BEGIN EXERCISE DATA

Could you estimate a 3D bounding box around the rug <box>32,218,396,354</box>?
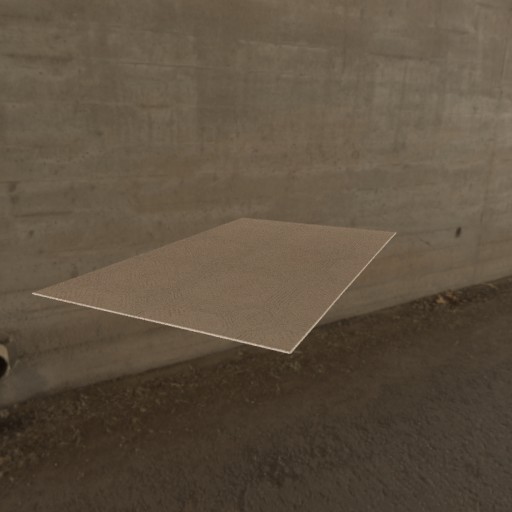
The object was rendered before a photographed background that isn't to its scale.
[{"bbox_3d":[0.000,0.000,3.148,1.524,0.008,2.440,8,18,25],"label":"rug"}]
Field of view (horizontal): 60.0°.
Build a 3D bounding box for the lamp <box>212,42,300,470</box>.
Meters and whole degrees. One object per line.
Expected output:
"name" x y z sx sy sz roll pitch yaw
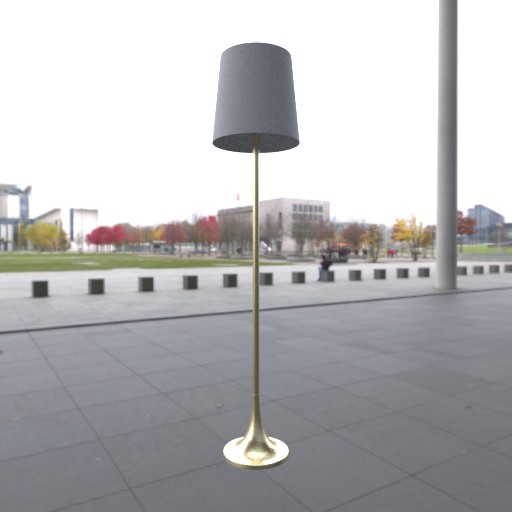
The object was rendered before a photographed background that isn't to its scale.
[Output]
"lamp" 0.000 0.000 1.720 0.337 1.543 0.337 0 1 0
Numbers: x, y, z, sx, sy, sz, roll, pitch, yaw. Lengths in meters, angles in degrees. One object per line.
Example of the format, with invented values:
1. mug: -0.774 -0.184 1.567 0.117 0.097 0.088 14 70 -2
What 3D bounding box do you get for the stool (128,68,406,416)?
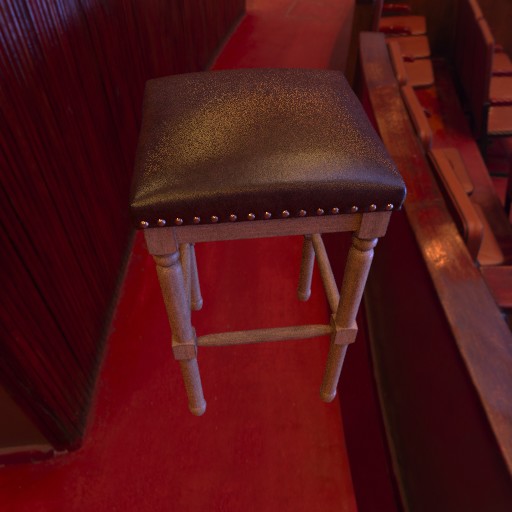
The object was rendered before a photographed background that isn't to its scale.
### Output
1. stool: 0.000 0.000 0.936 0.383 0.702 0.382 -4 46 -4
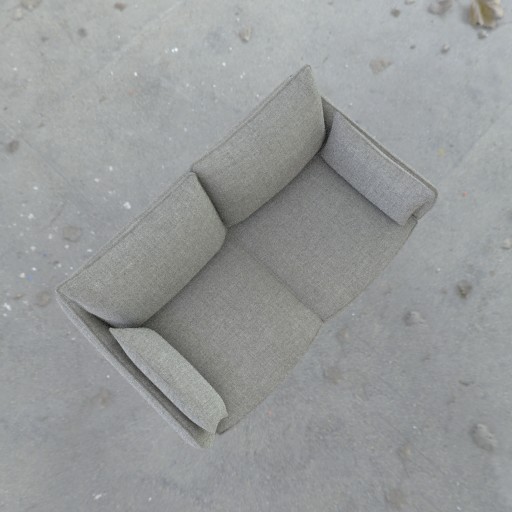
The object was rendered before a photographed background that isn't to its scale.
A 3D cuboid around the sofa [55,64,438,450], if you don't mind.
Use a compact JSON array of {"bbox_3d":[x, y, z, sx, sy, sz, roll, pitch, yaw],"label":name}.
[{"bbox_3d":[0.000,0.000,2.103,0.972,0.851,1.580,43,80,10],"label":"sofa"}]
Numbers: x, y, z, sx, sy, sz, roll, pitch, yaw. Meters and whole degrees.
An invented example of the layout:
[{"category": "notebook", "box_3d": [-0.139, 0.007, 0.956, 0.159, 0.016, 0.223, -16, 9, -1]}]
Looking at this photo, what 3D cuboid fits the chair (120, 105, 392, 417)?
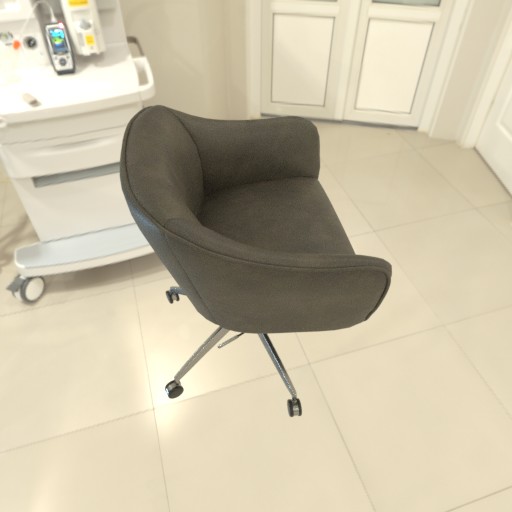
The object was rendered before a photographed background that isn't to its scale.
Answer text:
[{"category": "chair", "box_3d": [0.000, 0.000, 1.375, 0.689, 0.827, 0.713, -8, 46, -7]}]
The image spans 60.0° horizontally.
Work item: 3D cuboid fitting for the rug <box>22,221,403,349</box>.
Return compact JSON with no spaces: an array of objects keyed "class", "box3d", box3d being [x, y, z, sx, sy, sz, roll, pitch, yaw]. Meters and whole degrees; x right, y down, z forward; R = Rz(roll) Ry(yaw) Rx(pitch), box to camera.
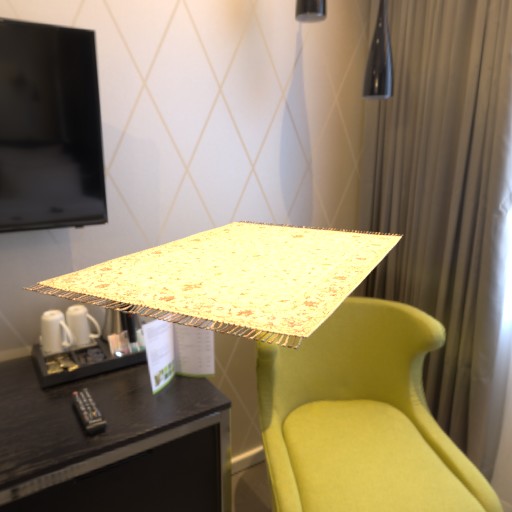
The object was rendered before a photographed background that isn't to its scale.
[{"class":"rug","box3d":[0.000,0.000,2.337,1.218,0.017,1.861,7,16,26]}]
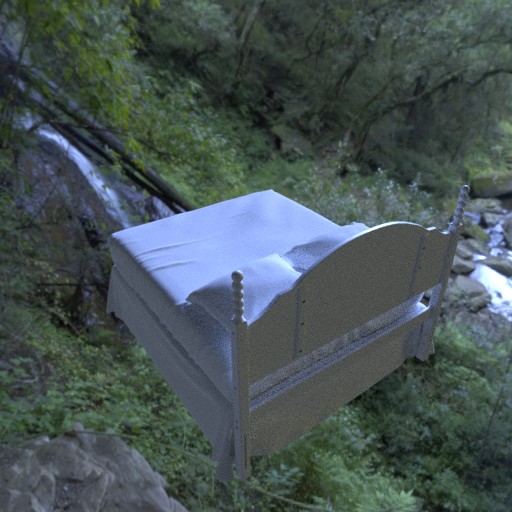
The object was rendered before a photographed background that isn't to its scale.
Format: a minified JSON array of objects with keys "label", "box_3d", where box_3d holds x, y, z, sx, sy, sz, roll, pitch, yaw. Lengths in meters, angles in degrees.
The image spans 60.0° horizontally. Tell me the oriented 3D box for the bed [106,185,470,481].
[{"label":"bed","box_3d":[0.000,0.000,3.221,1.873,1.356,2.040,-20,36,-30]}]
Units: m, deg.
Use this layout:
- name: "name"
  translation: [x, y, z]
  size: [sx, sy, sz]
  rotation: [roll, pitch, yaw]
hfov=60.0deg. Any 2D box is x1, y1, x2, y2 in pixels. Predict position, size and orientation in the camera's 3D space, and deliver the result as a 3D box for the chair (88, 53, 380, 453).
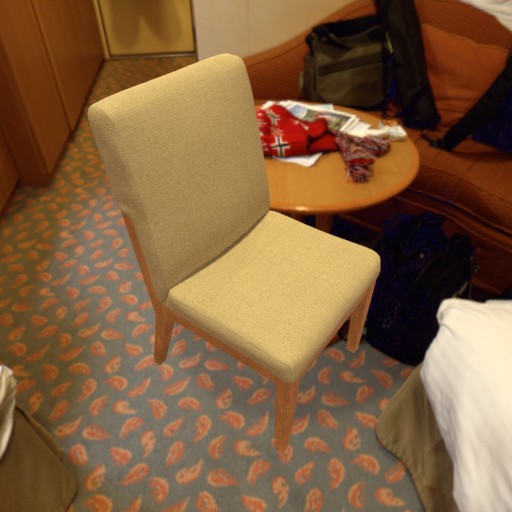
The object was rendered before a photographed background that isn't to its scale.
- name: "chair"
  translation: [0.000, 0.000, 1.265]
  size: [0.586, 0.911, 0.507]
  rotation: [26, 47, 27]
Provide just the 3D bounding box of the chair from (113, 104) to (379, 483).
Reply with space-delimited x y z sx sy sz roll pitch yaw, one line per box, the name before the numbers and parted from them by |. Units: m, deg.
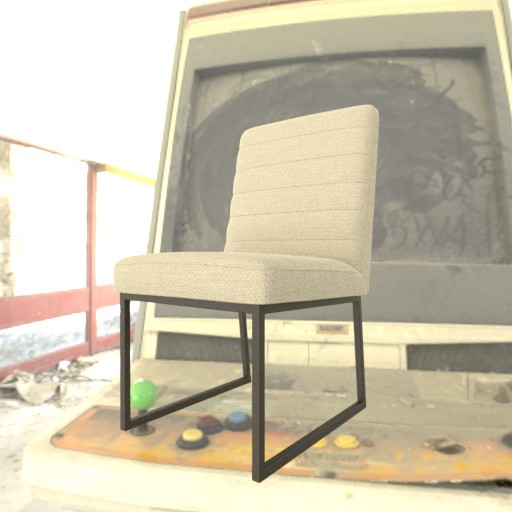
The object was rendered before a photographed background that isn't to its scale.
chair | 0.000 0.000 1.285 0.520 0.930 0.634 0 1 37
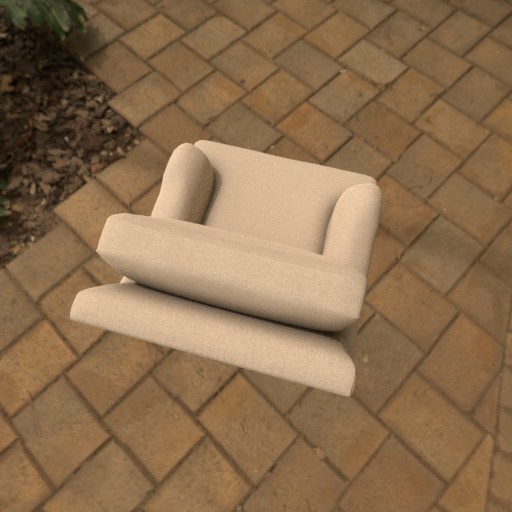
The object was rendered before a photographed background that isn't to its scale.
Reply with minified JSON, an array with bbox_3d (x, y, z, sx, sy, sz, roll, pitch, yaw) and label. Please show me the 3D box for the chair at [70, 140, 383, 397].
[{"bbox_3d":[0.000,0.000,1.839,0.895,1.076,1.078,14,65,7],"label":"chair"}]
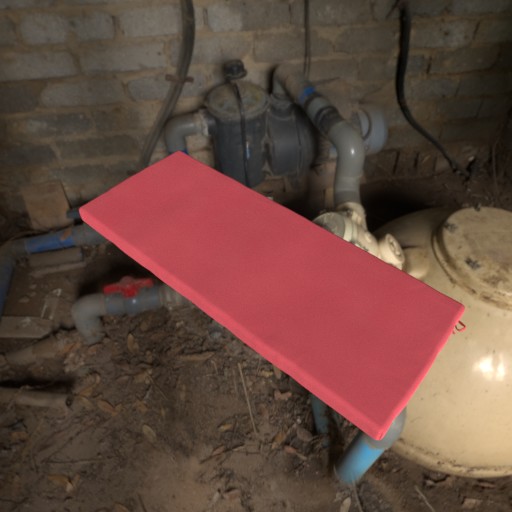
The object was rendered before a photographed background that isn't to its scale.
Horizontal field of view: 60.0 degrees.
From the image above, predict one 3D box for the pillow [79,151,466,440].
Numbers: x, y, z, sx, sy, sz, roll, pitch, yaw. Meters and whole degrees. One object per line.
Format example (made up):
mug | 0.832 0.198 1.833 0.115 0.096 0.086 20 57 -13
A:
pillow | 0.000 0.000 1.356 1.187 0.081 0.492 32 55 26
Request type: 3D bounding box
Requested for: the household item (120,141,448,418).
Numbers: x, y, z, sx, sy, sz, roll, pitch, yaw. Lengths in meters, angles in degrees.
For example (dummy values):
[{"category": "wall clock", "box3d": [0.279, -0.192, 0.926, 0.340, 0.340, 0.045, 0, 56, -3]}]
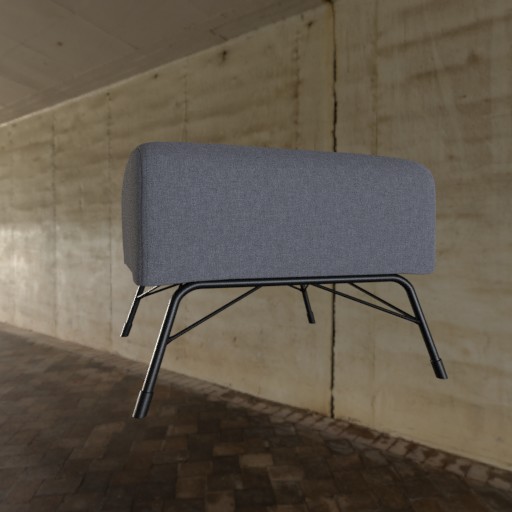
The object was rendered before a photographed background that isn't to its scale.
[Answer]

END EXERCISE DATA

TASK TO CARRY OUT:
Set down every line above exactly, pictures excluded.

TASK OUTPUT:
Could you estimate a 3D bounding box around the rug <box>32,218,396,354</box>?
The object was rendered before a photographed background that isn't to its scale.
[{"bbox_3d":[0.000,0.000,3.148,1.524,0.008,2.440,8,18,25],"label":"rug"}]
Field of view (horizontal): 60.0°.
Build a 3D bounding box for the lamp <box>212,42,300,470</box>.
Meters and whole degrees. One object per line.
Expected output:
"name" x y z sx sy sz roll pitch yaw
The object was rendered before a photographed background that isn't to its scale.
[Output]
"lamp" 0.000 0.000 1.720 0.337 1.543 0.337 0 1 0
Numbers: x, y, z, sx, sy, sz, roll, pitch, yaw. Lengths in meters, angles in degrees. One object per line.
Example of the format, with invented values:
1. mug: -0.774 -0.184 1.567 0.117 0.097 0.088 14 70 -2
What 3D bounding box do you get for the stool (128,68,406,416)?
The object was rendered before a photographed background that isn't to its scale.
### Output
1. stool: 0.000 0.000 0.936 0.383 0.702 0.382 -4 46 -4
The object was rendered before a photographed background that isn't to its scale.
A 3D cuboid around the sofa [55,64,438,450], if you don't mind.
Use a compact JSON array of {"bbox_3d":[x, y, z, sx, sy, sz, roll, pitch, yaw],"label":name}.
[{"bbox_3d":[0.000,0.000,2.103,0.972,0.851,1.580,43,80,10],"label":"sofa"}]
Numbers: x, y, z, sx, sy, sz, roll, pitch, yaw. Meters and whole degrees.
An invented example of the layout:
[{"category": "notebook", "box_3d": [-0.139, 0.007, 0.956, 0.159, 0.016, 0.223, -16, 9, -1]}]
Looking at this photo, what 3D cuboid fits the chair (120, 105, 392, 417)?
The object was rendered before a photographed background that isn't to its scale.
Answer text:
[{"category": "chair", "box_3d": [0.000, 0.000, 1.375, 0.689, 0.827, 0.713, -8, 46, -7]}]
The image spans 60.0° horizontally.
Work item: 3D cuboid fitting for the rug <box>22,221,403,349</box>.
Return compact JSON with no spaces: an array of objects keyed "class", "box3d", box3d being [x, y, z, sx, sy, sz, roll, pitch, yaw]. Meters and whole degrees; x right, y down, z forward; R = Rz(roll) Ry(yaw) Rx(pitch), box to camera.
The object was rendered before a photographed background that isn't to its scale.
[{"class":"rug","box3d":[0.000,0.000,2.337,1.218,0.017,1.861,7,16,26]}]
The object was rendered before a photographed background that isn't to its scale.
Format: a minified JSON array of objects with keys "label", "box_3d", where box_3d holds x, y, z, sx, sy, sz, roll, pitch, yaw. Lengths in meters, angles in degrees.
The image spans 60.0° horizontally. Tell me the oriented 3D box for the bed [106,185,470,481].
[{"label":"bed","box_3d":[0.000,0.000,3.221,1.873,1.356,2.040,-20,36,-30]}]
Units: m, deg.
Use this layout:
- name: "name"
  translation: [x, y, z]
  size: [sx, sy, sz]
  rotation: [roll, pitch, yaw]
hfov=60.0deg. Any 2D box is x1, y1, x2, y2 in pixels. Predict position, size and orientation in the camera's 3D space, and deliver the result as a 3D box for the chair (88, 53, 380, 453).
The object was rendered before a photographed background that isn't to its scale.
- name: "chair"
  translation: [0.000, 0.000, 1.265]
  size: [0.586, 0.911, 0.507]
  rotation: [26, 47, 27]
Provide just the 3D bounding box of the chair from (113, 104) to (379, 483).
Reply with space-delimited x y z sx sy sz roll pitch yaw, one line per box, the name before the numbers and parted from them by |. Units: m, deg.
The object was rendered before a photographed background that isn't to its scale.
chair | 0.000 0.000 1.285 0.520 0.930 0.634 0 1 37
The object was rendered before a photographed background that isn't to its scale.
Reply with minified JSON, an array with bbox_3d (x, y, z, sx, sy, sz, roll, pitch, yaw) and label. Please show me the 3D box for the chair at [70, 140, 383, 397].
[{"bbox_3d":[0.000,0.000,1.839,0.895,1.076,1.078,14,65,7],"label":"chair"}]
The object was rendered before a photographed background that isn't to its scale.
Horizontal field of view: 60.0 degrees.
From the image above, predict one 3D box for the pillow [79,151,466,440].
Numbers: x, y, z, sx, sy, sz, roll, pitch, yaw. Meters and whole degrees. One object per line.
Format example (made up):
mug | 0.832 0.198 1.833 0.115 0.096 0.086 20 57 -13
A:
pillow | 0.000 0.000 1.356 1.187 0.081 0.492 32 55 26
Request type: 3D bounding box
Requested for: the household item (120,141,448,418).
Numbers: x, y, z, sx, sy, sz, roll, pitch, yaw. Lengths in meters, angles in degrees.
For example (dummy values):
[{"category": "wall clock", "box3d": [0.279, -0.192, 0.926, 0.340, 0.340, 0.045, 0, 56, -3]}]
The object was rendered before a photographed background that isn't to its scale.
[Answer]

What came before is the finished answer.